START Exercise inputs

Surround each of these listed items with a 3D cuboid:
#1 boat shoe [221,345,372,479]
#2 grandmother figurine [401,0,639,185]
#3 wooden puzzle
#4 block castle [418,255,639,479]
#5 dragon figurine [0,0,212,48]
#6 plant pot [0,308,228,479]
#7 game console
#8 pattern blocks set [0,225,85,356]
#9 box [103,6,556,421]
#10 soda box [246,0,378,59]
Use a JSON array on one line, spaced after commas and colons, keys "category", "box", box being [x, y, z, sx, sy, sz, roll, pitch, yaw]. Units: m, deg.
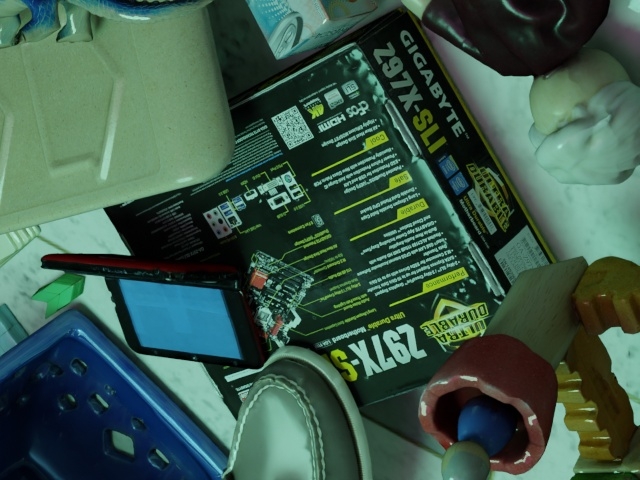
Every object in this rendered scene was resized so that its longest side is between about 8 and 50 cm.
[{"category": "boat shoe", "box": [-0.036, 0.241, 1.417, 0.116, 0.096, 0.324, 21, 120, 28]}, {"category": "grandmother figurine", "box": [0.119, -0.184, 1.170, 0.342, 0.104, 0.208, 58, 161, -12]}, {"category": "wooden puzzle", "box": [-0.225, -0.176, 1.391, 0.347, 0.080, 0.322, -12, 91, 35]}, {"category": "block castle", "box": [0.283, 0.226, 1.164, 0.303, 0.213, 0.453, -5, 125, 37]}, {"category": "dragon figurine", "box": [-0.215, -0.210, 1.276, 0.289, 0.085, 0.144, 1, 98, 36]}, {"category": "plant pot", "box": [-0.249, 0.243, 1.609, 0.236, 0.236, 0.212, 45, 140, 5]}, {"category": "game console", "box": [-0.131, 0.056, 1.401, 0.144, 0.124, 0.085, 4, 92, 35]}, {"category": "pattern blocks set", "box": [-0.350, -0.045, 1.640, 0.325, 0.026, 0.285, 46, 134, 3]}, {"category": "box", "box": [0.000, 0.000, 1.377, 0.322, 0.079, 0.257, -24, 102, 43]}, {"category": "soda box", "box": [-0.036, -0.222, 1.253, 0.063, 0.058, 0.183, -33, 82, 42]}]
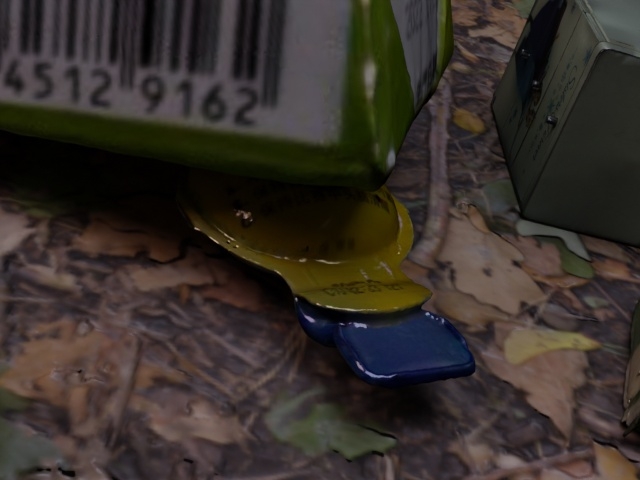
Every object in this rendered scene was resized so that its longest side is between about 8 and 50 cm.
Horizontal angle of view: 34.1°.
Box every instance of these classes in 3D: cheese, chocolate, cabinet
[{"bbox_3d":[0.000,0.000,0.622,0.156,0.064,0.250,-2,36,-28],"label":"cheese"},{"bbox_3d":[-0.071,-0.156,0.674,0.300,0.137,0.289,11,24,11],"label":"chocolate"},{"bbox_3d":[0.236,-0.116,0.838,0.150,0.145,0.206,13,33,-9],"label":"cabinet"}]

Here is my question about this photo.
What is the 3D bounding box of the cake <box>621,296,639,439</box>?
[{"bbox_3d":[0.345,0.074,0.603,0.283,0.172,0.158,25,36,4],"label":"cake"}]
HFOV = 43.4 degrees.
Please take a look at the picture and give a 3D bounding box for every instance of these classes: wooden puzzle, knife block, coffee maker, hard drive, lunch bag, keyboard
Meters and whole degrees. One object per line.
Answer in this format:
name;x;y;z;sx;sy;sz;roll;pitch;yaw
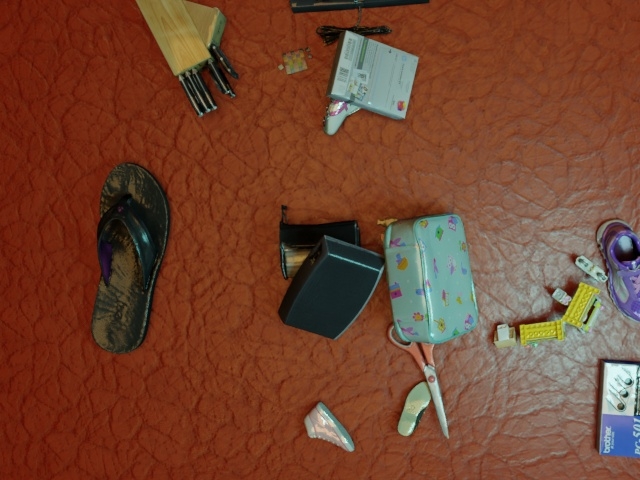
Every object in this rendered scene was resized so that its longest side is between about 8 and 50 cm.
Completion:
wooden puzzle;-0.058;-0.412;1.847;0.083;0.006;0.049;-13;91;5
knife block;-0.315;-0.419;1.830;0.275;0.088;0.242;18;93;4
coffee maker;0.000;0.000;1.797;0.178;0.120;0.171;-4;94;3
hard drive;0.024;0.113;1.752;0.172;0.054;0.255;19;127;-16
lunch bag;0.242;0.083;1.736;0.108;0.224;0.279;-6;94;39
keyboard;0.088;-0.550;1.818;0.317;0.033;0.202;-3;92;6

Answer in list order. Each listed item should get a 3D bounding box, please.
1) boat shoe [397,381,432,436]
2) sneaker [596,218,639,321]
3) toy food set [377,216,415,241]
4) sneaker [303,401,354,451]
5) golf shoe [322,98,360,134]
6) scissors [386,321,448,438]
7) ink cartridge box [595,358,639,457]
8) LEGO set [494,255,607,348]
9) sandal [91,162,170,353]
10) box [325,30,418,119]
boat shoe;0.214;0.383;1.832;0.049;0.042;0.133;25;80;13
sneaker;0.675;0.070;1.746;0.095;0.104;0.236;-19;91;4
toy food set;0.190;-0.015;1.830;0.122;0.019;0.078;-1;92;5
sneaker;0.015;0.444;1.848;0.070;0.051;0.134;-41;85;7
golf shoe;0.068;-0.317;1.808;0.086;0.067;0.186;27;94;2
scissors;0.254;0.292;1.814;0.109;0.021;0.297;-29;81;-1
ink cartridge box;0.671;0.372;1.785;0.097;0.046;0.207;3;92;7
LEGO set;0.531;0.176;1.785;0.287;0.107;0.132;-44;53;10
sandal;-0.444;0.043;1.848;0.167;0.107;0.446;5;92;5
box;0.115;-0.363;1.772;0.186;0.038;0.145;14;88;-22

END Exercise inputs

Brief:
The lines above, starting at the one with "#6 plant pot [0,308,228,479]" and ending at the one with "Use a JSON array", are the only ones to return, exactly as written.

Result of this task:
#6 plant pot [0,308,228,479]
#7 game console
#8 pattern blocks set [0,225,85,356]
#9 box [103,6,556,421]
#10 soda box [246,0,378,59]
Use a JSON array on one line, spaced after commas and colons, keys "category", "box", box being [x, y, z, sx, sy, sz, roll, pitch, yaw]. Units: m, deg.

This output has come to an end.